TASK OBJECTIVE
Return each record word for word and omit the pictures.

[Saved data entries]
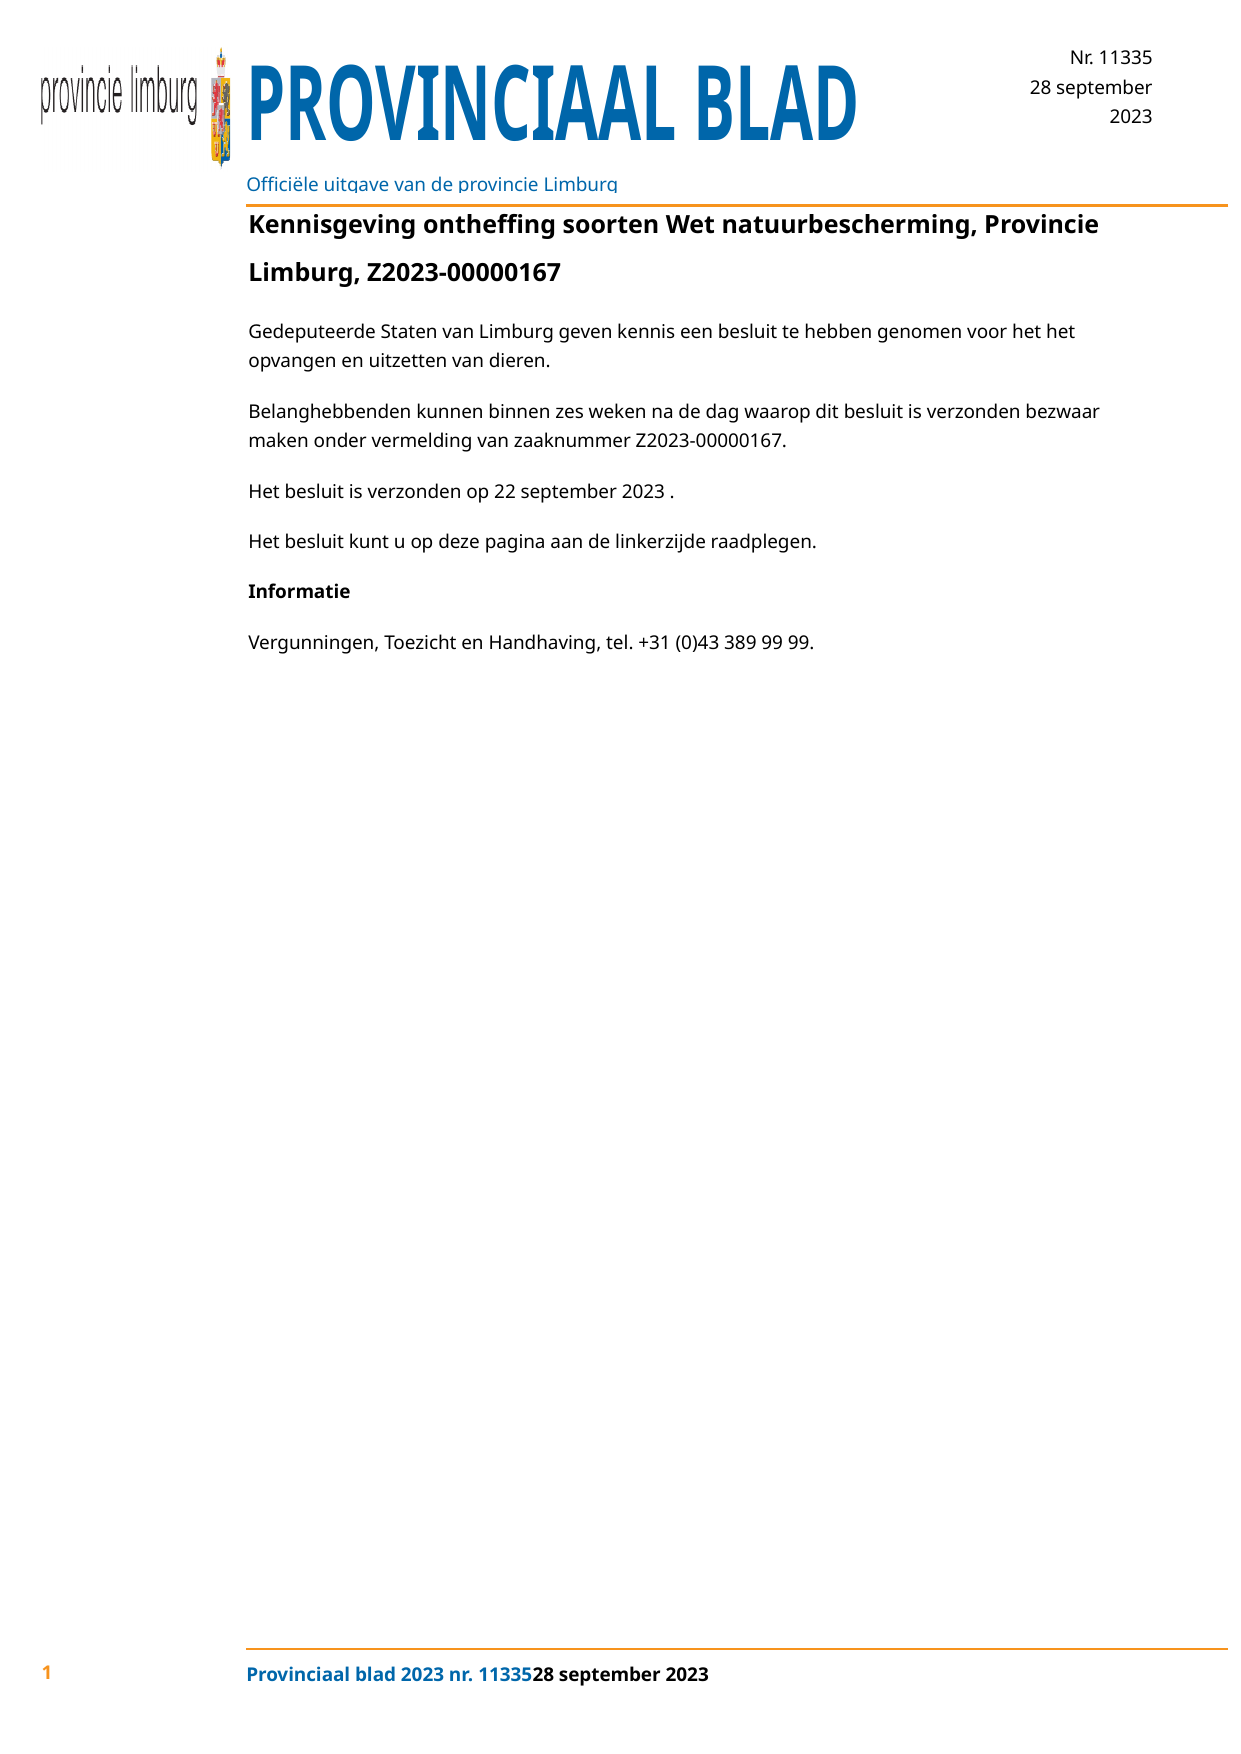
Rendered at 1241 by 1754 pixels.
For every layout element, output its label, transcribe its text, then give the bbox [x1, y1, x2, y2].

picture [41, 47, 231, 172]
text Gedeputeerde Staten van Limburg geven kennis een besluit te hebben genomen voor het het opvangen en uitzetten van dieren. [248, 318, 1152, 373]
text Belanghebbenden kunnen binnen zes weken na de dag waarop dit besluit is verzonden bezwaar maken onder vermelding van zaaknummer Z2023-00000167. [248, 398, 1152, 453]
text Het besluit is verzonden op 22 september 2023 . [248, 478, 1152, 504]
text Het besluit kunt u op deze pagina aan de linkerzijde raadplegen. [248, 528, 1152, 554]
text Informatie [248, 579, 1152, 604]
text Vergunningen, Toezicht en Handhaving, tel. +31 (0)43 389 99 99. [248, 629, 1152, 655]
text Kennisgeving ontheffing soorten Wet natuurbescherming, Provincie Limburg, Z2023-00000167 [248, 207, 1152, 288]
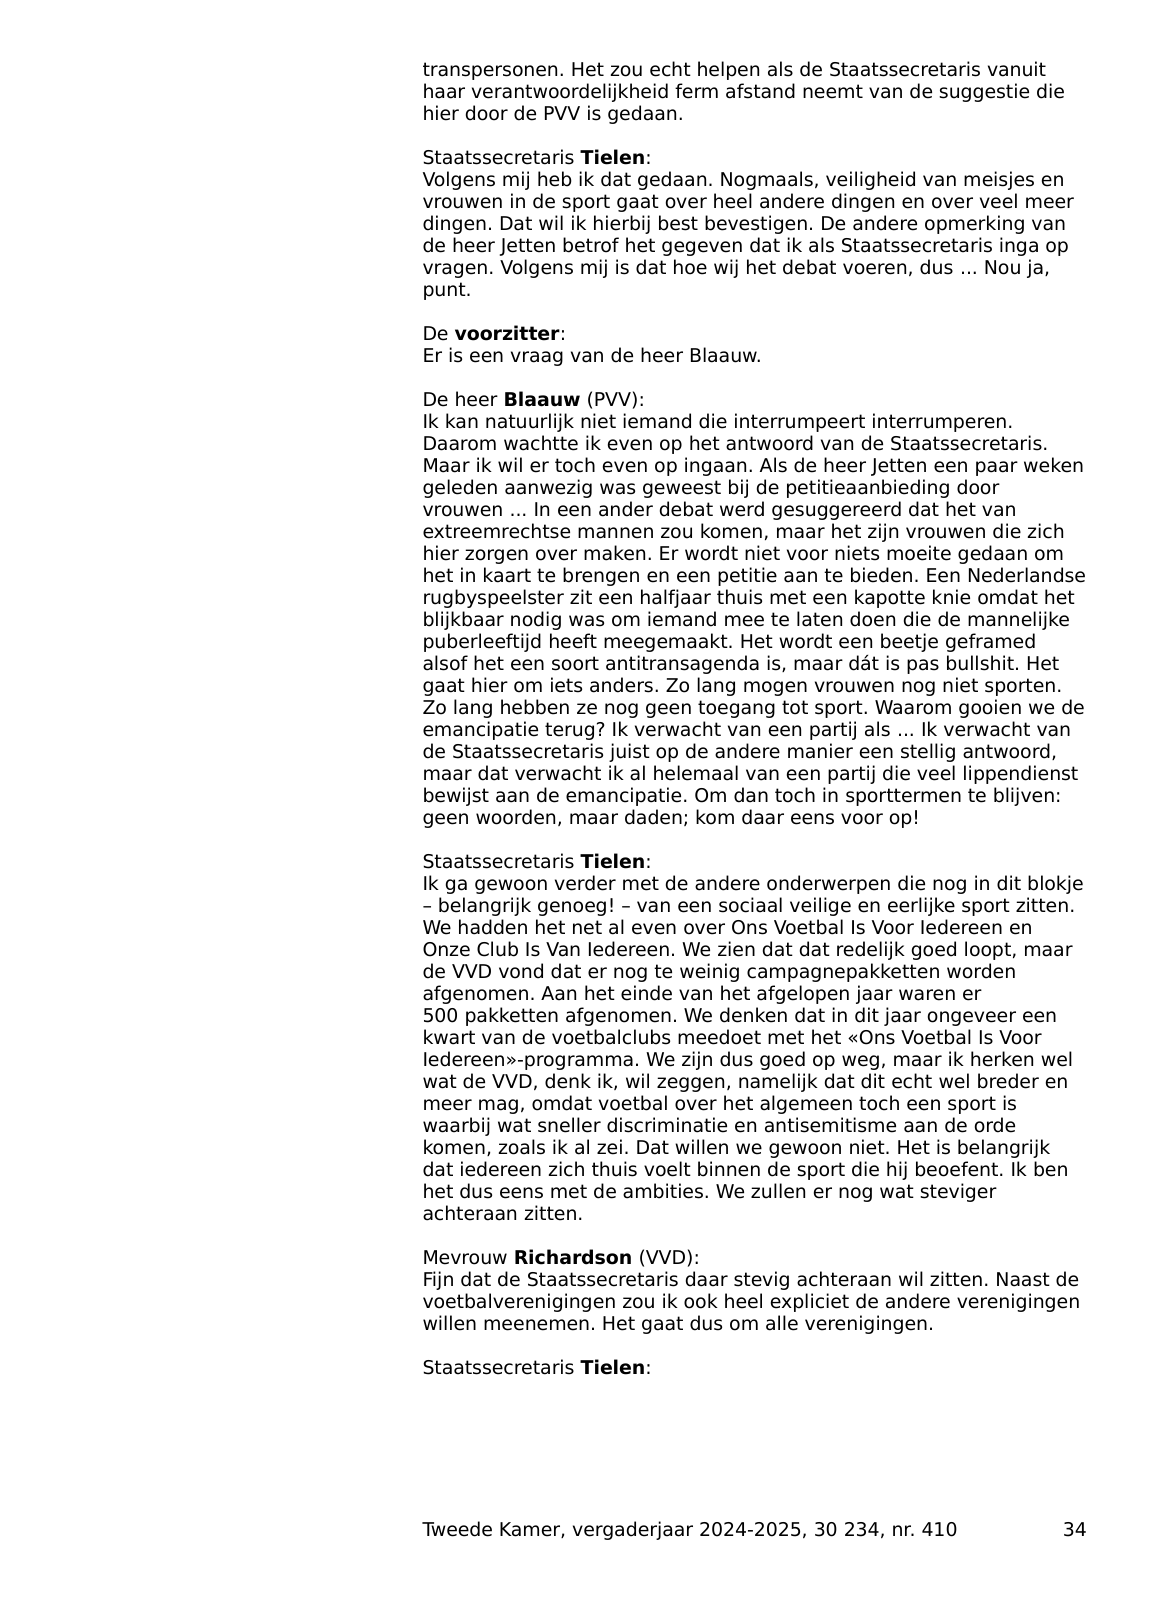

ANSWER SPACE
Rendered at 1241 by 1754 pixels.
For every layout element, output its label, transcribe its text, then give the bbox [x1, y1, x2, y2].

picture [41, 47, 231, 172]
text Gedeputeerde Staten van Limburg geven kennis een besluit te hebben genomen voor het het opvangen en uitzetten van dieren. [248, 318, 1152, 373]
text Belanghebbenden kunnen binnen zes weken na de dag waarop dit besluit is verzonden bezwaar maken onder vermelding van zaaknummer Z2023-00000167. [248, 398, 1152, 453]
text Het besluit is verzonden op 22 september 2023 . [248, 478, 1152, 504]
text Het besluit kunt u op deze pagina aan de linkerzijde raadplegen. [248, 528, 1152, 554]
text Informatie [248, 579, 1152, 604]
text Vergunningen, Toezicht en Handhaving, tel. +31 (0)43 389 99 99. [248, 629, 1152, 655]
text Kennisgeving ontheffing soorten Wet natuurbescherming, Provincie Limburg, Z2023-00000167 [248, 207, 1152, 288]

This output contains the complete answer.